Trading Dirt (1983-86), an Allan Kaprow Happening as related by Kaprow during his retrospective PRECEDINGS at the Center for Research in Conempoary Art, University of Texas at Arlington, April 1988. Retrospective organized by Jeff Kelley.

Video by Peter Kirby.
 
 
 


Trading Dirt
By Jeff Kelley

One day in 1983 Kaprow woke up with the idea “to do an extended piece.” It occurred to him that it might be fun to trade buckets of dirt with unsuspecting, or somewhat suspicious, others. He would dig a buckets worth of dirt from his garden and place it, along with a shovel, in the back of his pickup truck. He would then ask a friend or acquaintance for a bucketful of dirt and offer his bucketful in return. Charmed by the idea, he dug the dirt (“it was good dirt; we’d been working that dirt”), put it in a bucket, put the bucket in the truck, and forgot about it for several months.

One night, as he was preparing to leave the Zen Center after several cross-legged hours on a pillow, he suddenly remembered the dirt (an earthly satori?).
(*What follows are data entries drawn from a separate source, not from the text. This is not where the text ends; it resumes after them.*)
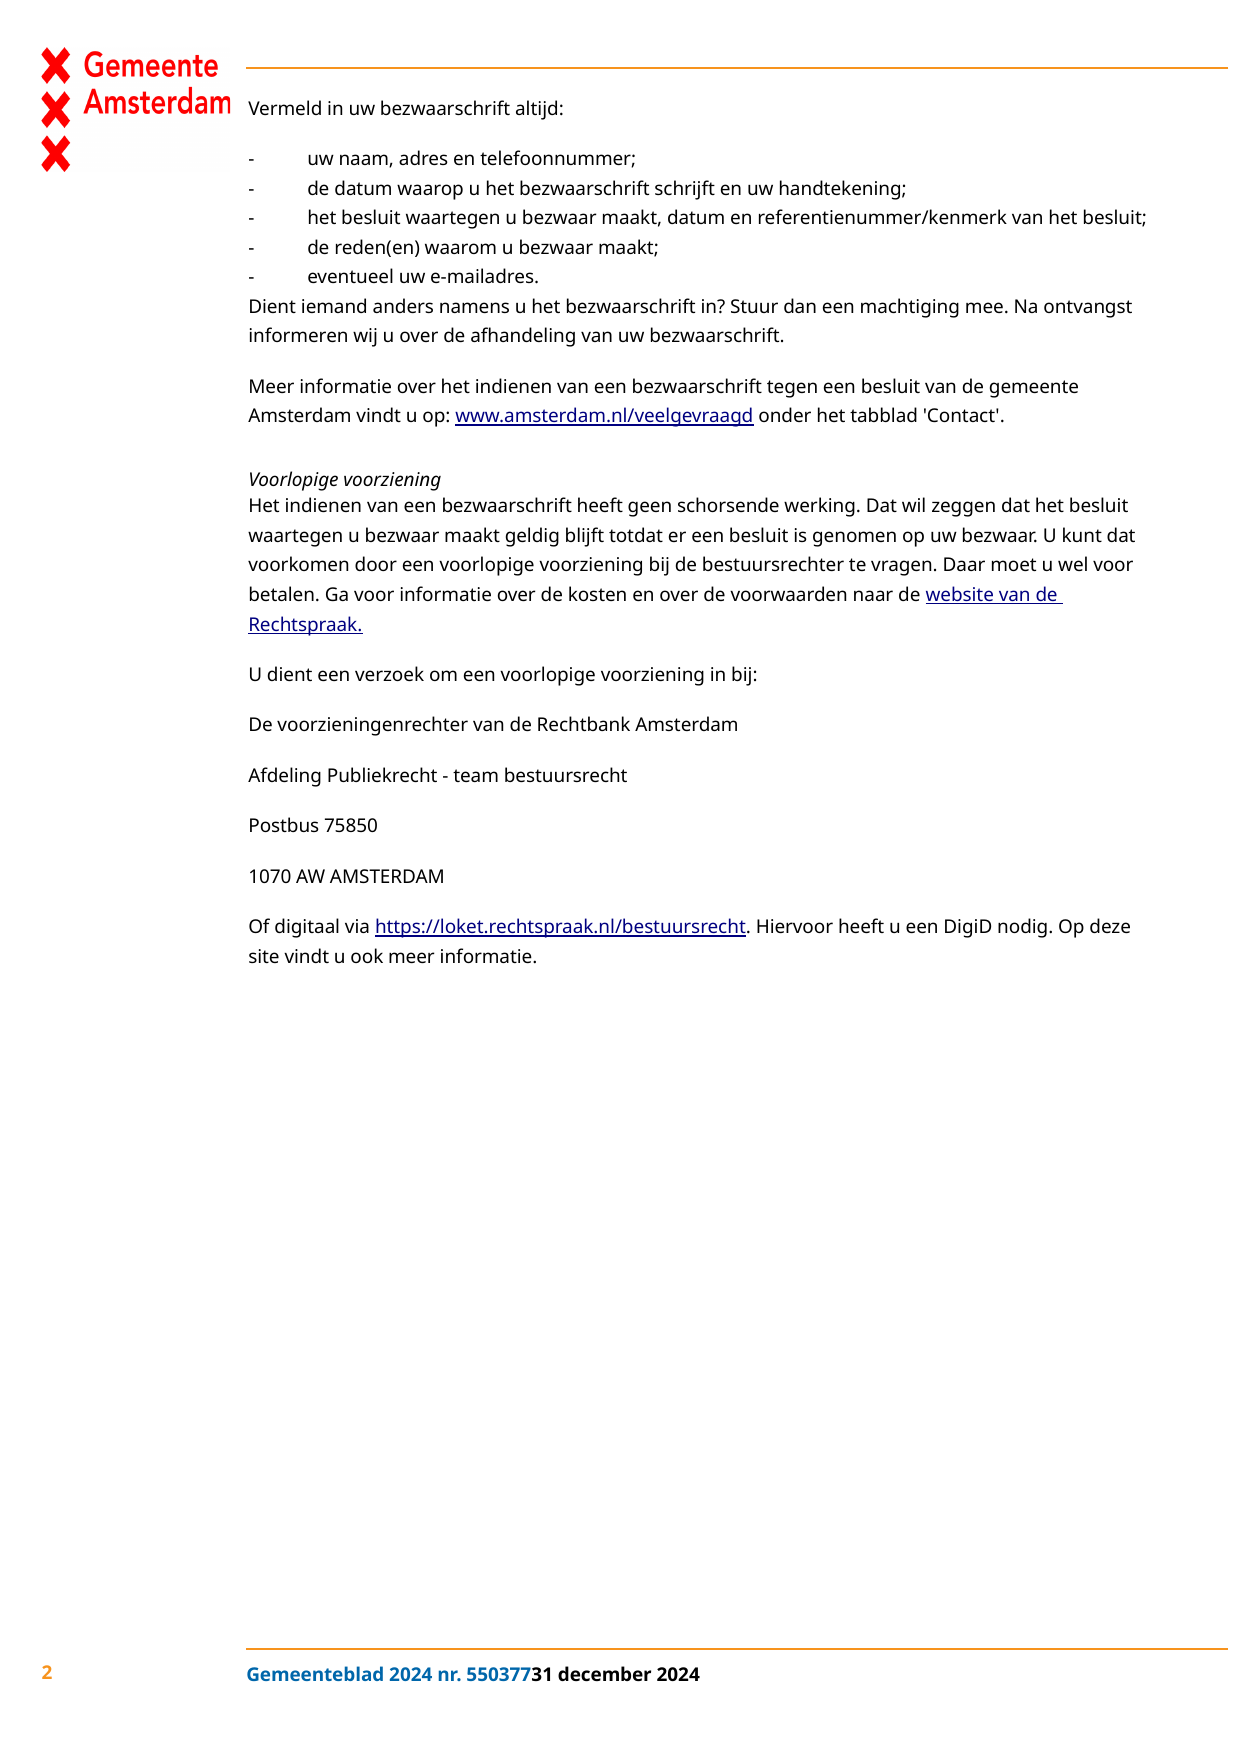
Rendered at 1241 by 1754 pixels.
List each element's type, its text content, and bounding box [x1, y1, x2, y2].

text Postbus 75850 [248, 812, 1152, 838]
text De voorzieningenrechter van de Rechtbank Amsterdam [248, 712, 1152, 737]
list eventueel uw e-mailadres. [248, 263, 1152, 289]
text Meer informatie over het indienen van een bezwaarschrift tegen een besluit van de gemeente Amsterdam vindt u op: www.amsterdam.nl/veelgevraagd onder het tabblad 'Contact'. [248, 373, 1152, 428]
text U dient een verzoek om een voorlopige voorziening in bij: [248, 661, 1152, 687]
text Dient iemand anders namens u het bezwaarschrift in? Stuur dan een machtiging mee. Na ontvangst informeren wij u over de afhandeling van uw bezwaarschrift. [248, 293, 1152, 348]
list de datum waarop u het bezwaarschrift schrijft en uw handtekening; [248, 175, 1152, 201]
text Vermeld in uw bezwaarschrift altijd: [248, 95, 1152, 121]
text Voorlopige voorziening [248, 467, 1152, 492]
picture [41, 47, 231, 172]
text Of digitaal via https://loket.rechtspraak.nl/bestuursrecht. Hiervoor heeft u een DigiD nodig. Op deze site vindt u ook meer informatie. [248, 913, 1152, 968]
text 1070 AW AMSTERDAM [248, 863, 1152, 888]
list uw naam, adres en telefoonnummer; [248, 145, 1152, 171]
list het besluit waartegen u bezwaar maakt, datum en referentienummer/kenmerk van het besluit; [248, 204, 1152, 230]
text Afdeling Publiekrecht - team bestuursrecht [248, 762, 1152, 788]
text Het indienen van een bezwaarschrift heeft geen schorsende werking. Dat wil zeggen dat het besluit waartegen u bezwaar maakt geldig blijft totdat er een besluit is genomen op uw bezwaar. U kunt dat voorkomen door een voorlopige voorziening bij de bestuursrechter te vragen. Daar moet u wel voor betalen. Ga voor informatie over de kosten en over de voorwaarden naar de website van de Rechtspraak. [248, 492, 1152, 636]
list de reden(en) waarom u bezwaar maakt; [248, 234, 1152, 260]

He asked one of the young men who lived there if he could have a bucketful of dirt. Taken aback, the fellow shrugged, pointed toward the plantings, and said, “Sure. You can have all the dirt you want.” Kaprow said thanks and went to his truck to get his bucket of garden dirt and the shovel. When he returned, the young man, having recovered from his incredulity, met him by saying, “Wait. I have a better idea. Instead of taking the dirt from around the plantings here, let’s go under the seat of our teacher. That way, it will be heavy-duty Buddhist dirt. It will have all the vibes of her ass.”
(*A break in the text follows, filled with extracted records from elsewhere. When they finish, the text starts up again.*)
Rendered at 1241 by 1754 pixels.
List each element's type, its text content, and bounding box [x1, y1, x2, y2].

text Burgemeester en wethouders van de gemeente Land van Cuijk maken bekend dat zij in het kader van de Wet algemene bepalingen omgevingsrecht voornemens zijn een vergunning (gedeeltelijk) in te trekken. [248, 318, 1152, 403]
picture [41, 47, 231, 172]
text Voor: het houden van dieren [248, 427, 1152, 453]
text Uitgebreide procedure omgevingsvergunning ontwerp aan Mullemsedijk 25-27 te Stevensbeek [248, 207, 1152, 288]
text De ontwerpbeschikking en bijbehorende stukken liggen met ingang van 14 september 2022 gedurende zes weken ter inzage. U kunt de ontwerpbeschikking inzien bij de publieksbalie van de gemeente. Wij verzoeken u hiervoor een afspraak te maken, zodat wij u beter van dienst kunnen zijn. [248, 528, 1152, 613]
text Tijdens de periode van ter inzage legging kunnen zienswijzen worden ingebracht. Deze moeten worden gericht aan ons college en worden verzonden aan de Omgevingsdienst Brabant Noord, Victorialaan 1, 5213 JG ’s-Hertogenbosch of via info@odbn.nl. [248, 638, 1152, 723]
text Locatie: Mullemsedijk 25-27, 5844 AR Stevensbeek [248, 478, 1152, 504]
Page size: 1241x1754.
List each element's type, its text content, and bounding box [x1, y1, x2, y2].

Crawl spaces under Southern California houses aren’t very roomy, and Kaprow had to scoot along on his belly with a flashlight, dragging his bucket of dirt and the shovel behind him as he brushed away cobwebs. The ground was hard and dry and laced with concrete rubble and nails from when the house had been built. As he struggled to find the spot beneath his teacher’s seat, he began having “some pretty uncharitable thoughts” about giving up good dirt for “this crap.” unable to locate the exact spot- “we wanted a direct beam from her ass to the ground”- Kaprow asked his friend to go back upstairs and knock on the floor where their teacher sat.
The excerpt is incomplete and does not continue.